→ Recorded information
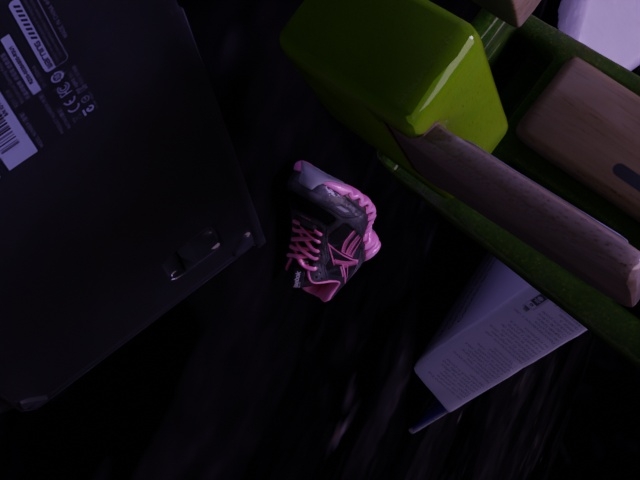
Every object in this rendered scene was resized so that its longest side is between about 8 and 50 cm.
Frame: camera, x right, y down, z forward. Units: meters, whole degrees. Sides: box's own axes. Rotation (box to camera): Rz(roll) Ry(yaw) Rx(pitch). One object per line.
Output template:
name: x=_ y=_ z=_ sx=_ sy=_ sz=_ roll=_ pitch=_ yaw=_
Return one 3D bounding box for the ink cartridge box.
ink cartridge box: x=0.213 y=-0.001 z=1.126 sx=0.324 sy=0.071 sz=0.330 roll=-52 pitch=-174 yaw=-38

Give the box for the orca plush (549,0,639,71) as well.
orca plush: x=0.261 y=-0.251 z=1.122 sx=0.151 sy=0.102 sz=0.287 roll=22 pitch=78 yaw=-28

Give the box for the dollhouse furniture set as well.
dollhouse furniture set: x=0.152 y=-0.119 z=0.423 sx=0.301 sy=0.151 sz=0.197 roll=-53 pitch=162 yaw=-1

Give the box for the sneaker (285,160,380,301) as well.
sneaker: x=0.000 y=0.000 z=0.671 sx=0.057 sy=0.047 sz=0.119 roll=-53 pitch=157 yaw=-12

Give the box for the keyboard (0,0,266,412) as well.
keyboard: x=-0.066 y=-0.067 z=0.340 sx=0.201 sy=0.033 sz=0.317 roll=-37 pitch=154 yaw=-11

* * *

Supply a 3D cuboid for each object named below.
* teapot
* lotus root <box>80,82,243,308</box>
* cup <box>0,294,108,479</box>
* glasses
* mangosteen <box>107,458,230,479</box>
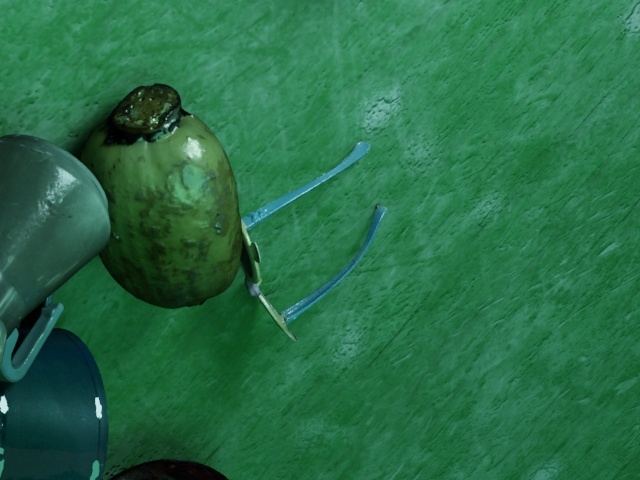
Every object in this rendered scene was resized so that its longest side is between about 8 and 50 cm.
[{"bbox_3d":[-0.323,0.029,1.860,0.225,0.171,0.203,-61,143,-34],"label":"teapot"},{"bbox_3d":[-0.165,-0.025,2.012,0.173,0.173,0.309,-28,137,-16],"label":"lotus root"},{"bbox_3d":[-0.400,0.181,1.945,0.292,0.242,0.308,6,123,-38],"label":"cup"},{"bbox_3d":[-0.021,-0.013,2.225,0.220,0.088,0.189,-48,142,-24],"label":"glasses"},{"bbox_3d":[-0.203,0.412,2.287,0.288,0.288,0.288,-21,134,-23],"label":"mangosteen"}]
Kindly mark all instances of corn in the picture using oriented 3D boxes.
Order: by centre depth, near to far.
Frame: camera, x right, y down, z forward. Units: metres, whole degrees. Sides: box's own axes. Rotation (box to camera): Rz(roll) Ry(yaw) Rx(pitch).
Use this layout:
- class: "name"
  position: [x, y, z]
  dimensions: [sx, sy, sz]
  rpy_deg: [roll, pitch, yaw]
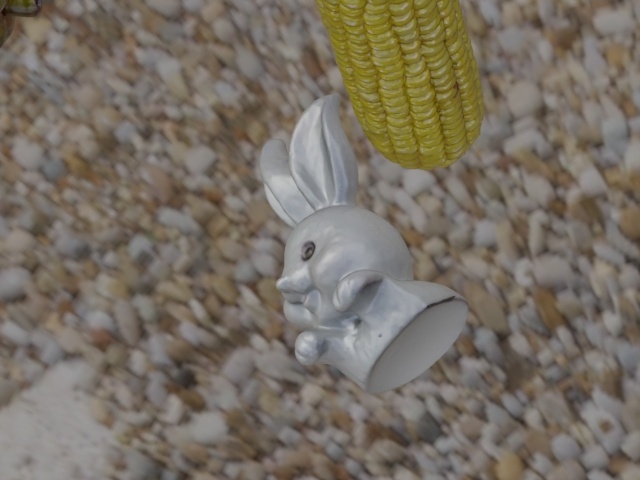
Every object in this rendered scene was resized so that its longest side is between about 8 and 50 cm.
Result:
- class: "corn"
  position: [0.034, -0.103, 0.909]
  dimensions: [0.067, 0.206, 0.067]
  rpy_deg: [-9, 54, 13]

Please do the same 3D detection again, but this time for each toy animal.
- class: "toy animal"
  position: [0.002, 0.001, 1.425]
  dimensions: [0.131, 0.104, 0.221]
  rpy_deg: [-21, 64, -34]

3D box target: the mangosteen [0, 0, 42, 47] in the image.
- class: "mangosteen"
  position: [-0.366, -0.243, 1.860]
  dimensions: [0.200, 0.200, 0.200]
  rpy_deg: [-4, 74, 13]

→ Instructions for the task
Would you show every line in the data above that contains the string "Units"?

→ Task answer
Frame: camera, x right, y down, z forward. Units: meters, whole degrees. Sides: box's own axes. Rotation (box to camera): Rz(roll) Ry(yaw) Rx(pitch). One object per line.
Frame: camera, x right, y down, z forward. Units: metres, whole degrees. Sides: box's own axes. Rotation (box to camera): Rz(roll) Ry(yaw) Rx(pitch).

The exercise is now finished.